Rob: Ouch. I visit the cabin of the mysterious American, instead.
Brad: You proceed directly to Cabin 7 and place your ear to the door. No sounds reach you from within.
Rob: I attempt to pick the lock with the Skellington key.
Mungo: Won't it look suspicious if he's inside?
Braggart: He should answer the bloody door. It's just rude not to!
Mungo: You didn't even kno...fine.
Rob: Fuck, I didn't, did i?
Occupant: So, it's you at last.
Brad: He is a large man in an ill-fitting blue suit and a pair of dark glasses.
Braggart: What's this, what's this...?

Occupant: I've been expecting you.
Braggart: Really? I find that difficult to believe.
Occupant: Colonel Hiram T. Schroeder, US Army retired, at your service.
Braggart: Hi...?
Brad: Perhaps Colonel Schroeder is blind and has mistaken you for an invited guest; certainly, you have never seen him before. You are about to apologise for your intrusion when he disconcertingly replies:
Col. Schroeder: No, not blind! I did expect you, or rather we both expected you. I suggest you take a seat and I'll explain.
Braggart: All right...Where shall I take it?
Col. Schroeder: You see, Baron Ausbach is the very same fellow you apprehended in the British Museum.
Braggart: ...What?!
Col. Schroeder: He was certain you would not survive an encounter with the assassin bug aboard the mail plane.
Braggart: Well, to be fair to him, it was touch and go for a while...
Col. Schroeder: I rather hoped you would, for I see in your the persistence and courage, which are the fundamental requirements of investigators into the abhuman and abnormal.
Mungo: I thought we needed a Volkswagen van and a Great Dane, but whatever.
Braggart: Sorry...is this the buffet car?
Col. Schroeder: Ausbach is inclined to liquidate you, but I am inclined to initiate you into a partial knowledge of the dark forces upon which you have stumbled. So...now you know who the thief of the pyramidion is.
Braggart: Ausbach wants to declare me bankrupt? How will that help?
Rob: I chat with Schroeder a little longer.
Brad: Colonel Schroeder reaches inside his jacket and draws out a small leatherbound book.

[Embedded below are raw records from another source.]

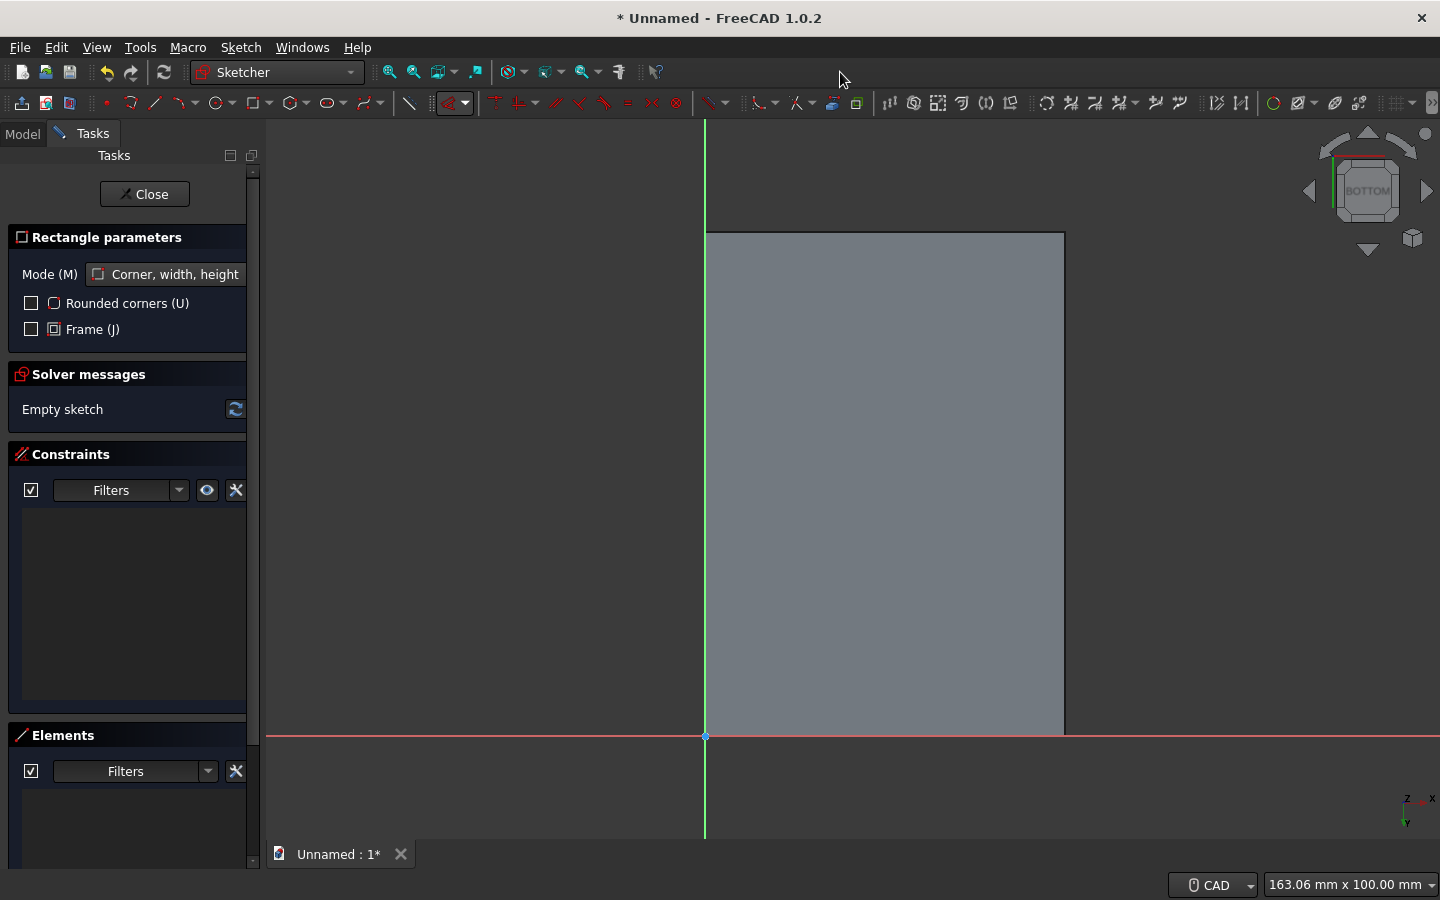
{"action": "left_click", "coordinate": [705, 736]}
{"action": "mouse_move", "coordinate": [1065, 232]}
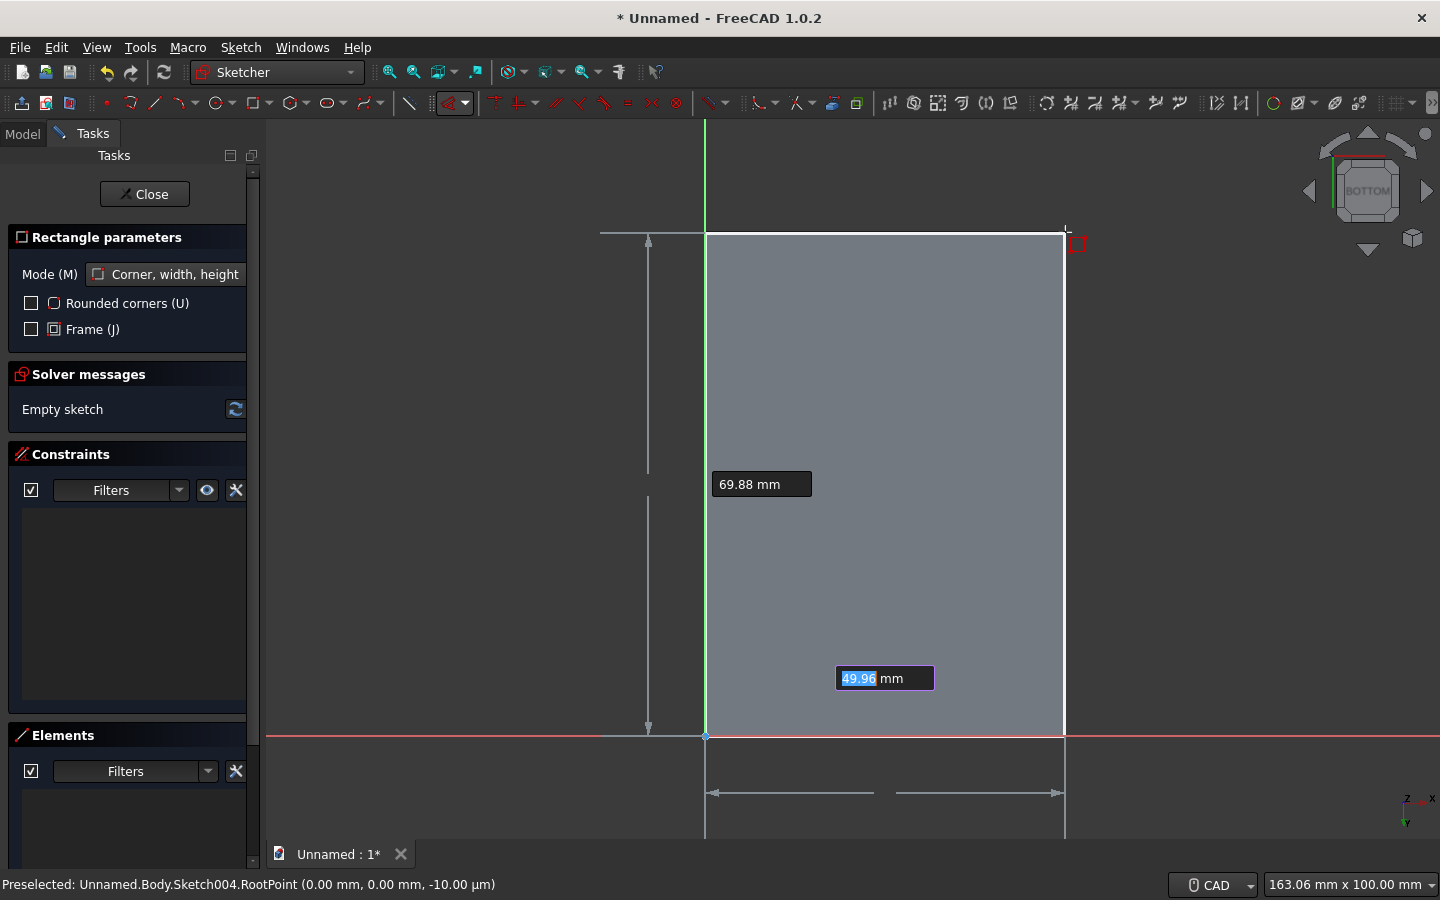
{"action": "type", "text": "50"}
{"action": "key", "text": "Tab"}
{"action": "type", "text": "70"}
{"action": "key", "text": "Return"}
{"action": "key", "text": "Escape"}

Col. Schroeder: You have pursued Ausbach because he stole something from you. Your pyramidion is the key to terrible power. It is time to learn the nature of that power.
Braggart: So he's done me a favour?
Col. Schroeder: Time to step beyond the forbidden gateway that shields mankind from the terrors of the Outer Darkness. Turn to page twelve of my little book and read what you find there.
Brad: This is what you find on page twelve of the book.
Before time itself, there was nothing except the chaos of the Outer Darkness, an awesome intelligence. When the universe we inhabit was created, this primordial entity was split asunder and flung throughout the cosmos. It dwells here still. I learnt its names from the gruesome mythology of the Egyptians. Studied its nature in the clay Sanskrit tablets of India's agent cities. While, in the bas-reliefs at the forbidden Mayan temple of Chuqua, I saw its hideous power.

In all, I have discovered five manisfestations of the Outer Darkness. First, there is Het the Destroyer; her element is fire, her guise the snake. Second it Yehog, the devourer within; his element is spirit and his guise a hog. Then there is Wendigo, walker on the wind; Byelbog, who broods beneath the sea; and Apep, who walks restlessly through the earth.

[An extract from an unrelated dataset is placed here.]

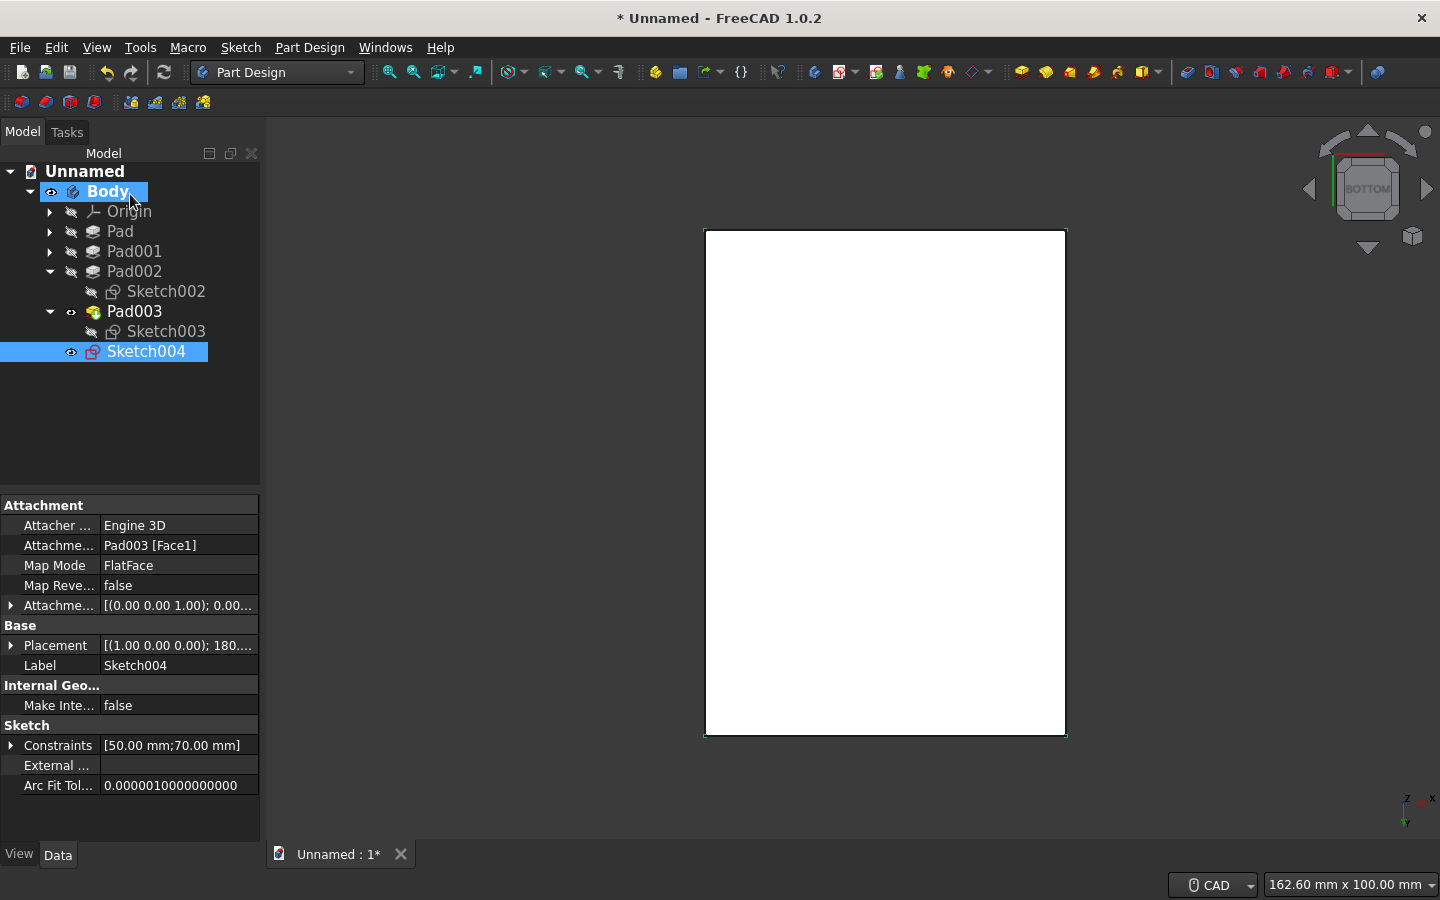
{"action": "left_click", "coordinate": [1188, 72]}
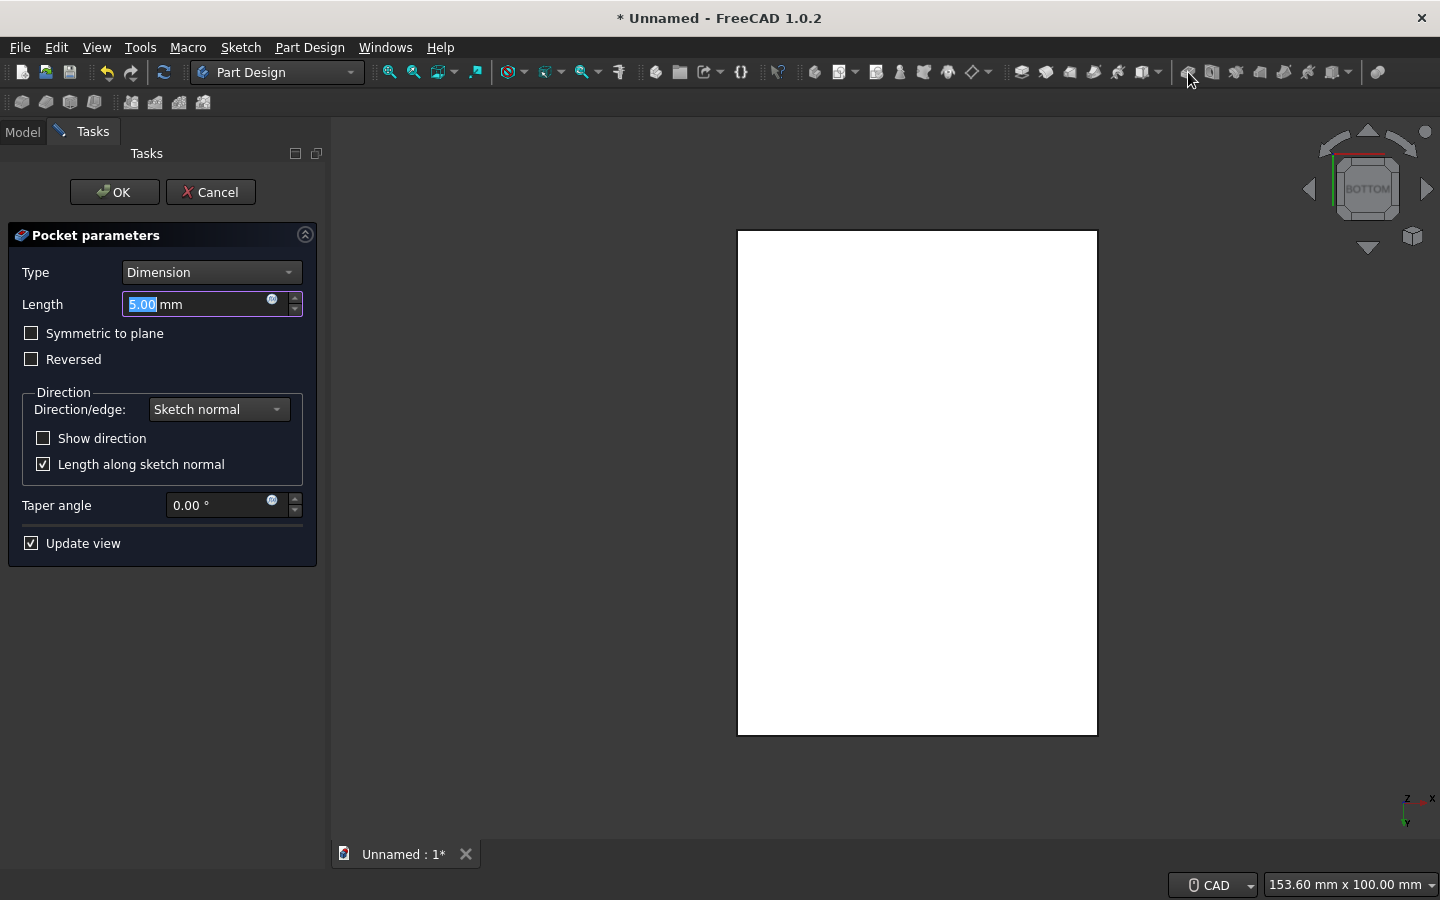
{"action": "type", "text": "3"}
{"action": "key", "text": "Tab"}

These five terrors forever lurk behind the everyday. Yet there are also myserious and benevolent entities who set protective rings about man's puny conciousness. Chief among these Keepers with one who was known to the Egyptians as Thoth.

Braggart: Is that Thoth or Sos with a lisp?
Mungo: It's written down...
Braggart: I...shut up.
He combines all five elements of the Outer Darkness, tempered with the power of knowledge. The Keepers appear to be patrons to all sentient beings, for in them can be found, in harmony, all six elements.
Brad: You close the book and look up at Colonel Schroeder.

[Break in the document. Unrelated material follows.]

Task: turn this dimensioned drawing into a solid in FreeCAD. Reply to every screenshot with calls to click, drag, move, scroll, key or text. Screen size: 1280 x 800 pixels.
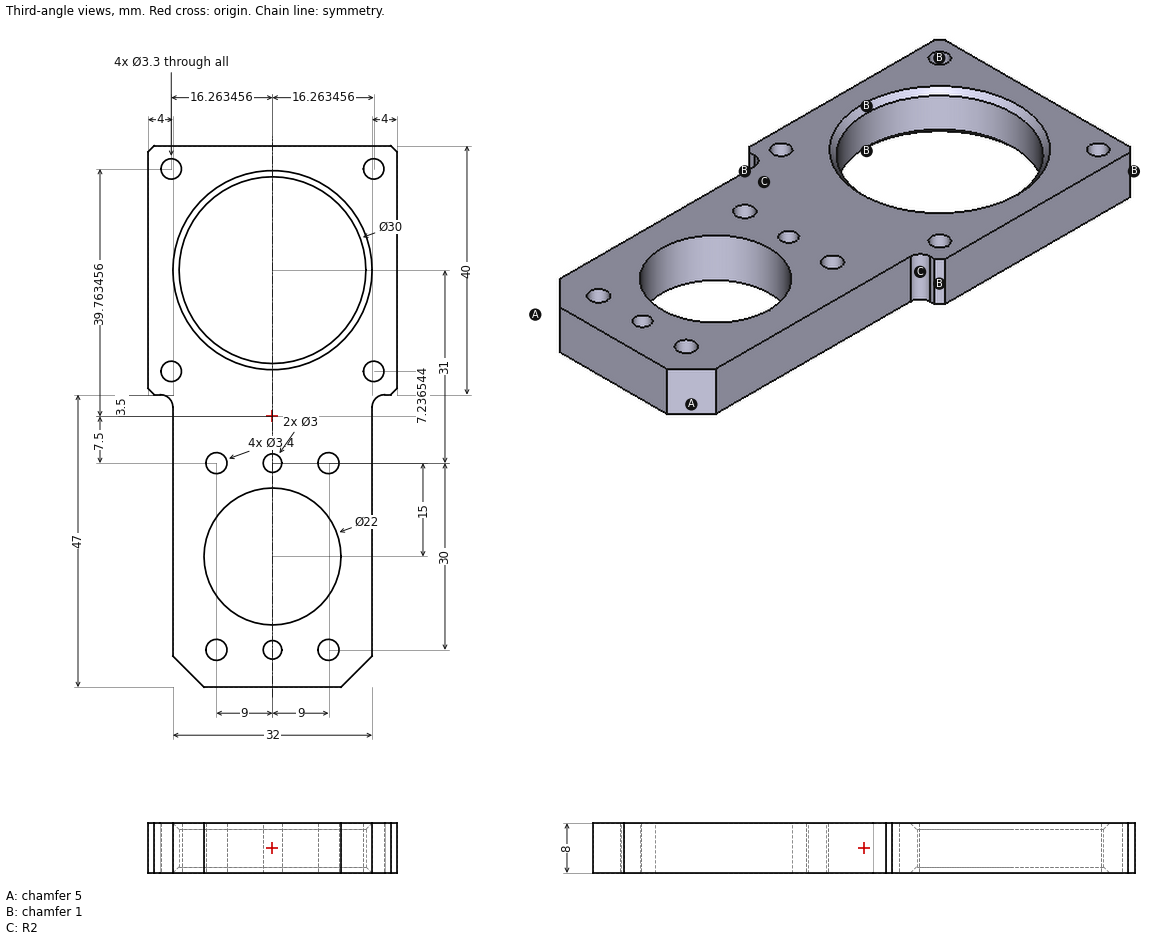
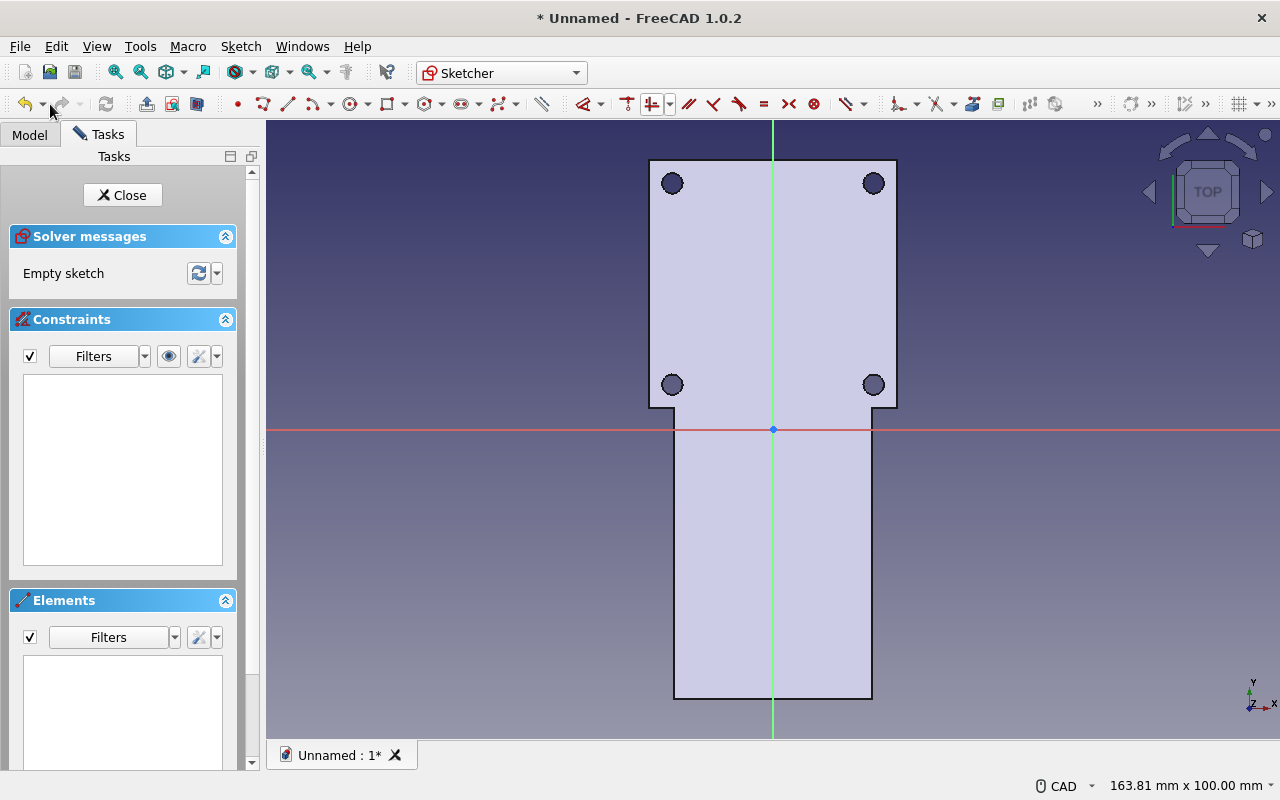
scroll(912, 711, up, 2)

Col. Schroeder: I am sure that what you have read will have raised more questions that it furnished answers. My little book contains much which is unintelligible for you at present.
Brad: You return the book.
Braggart: So where was Wally?
Col. Schroeder: Finally, I have a small gift.
Brad: He passes you a glass tube which contains lurid mauve crystals.
Col. Schroeder: They can provide a most potent restorative. In extremis, you can survive by imbibing the enture contents of the phial.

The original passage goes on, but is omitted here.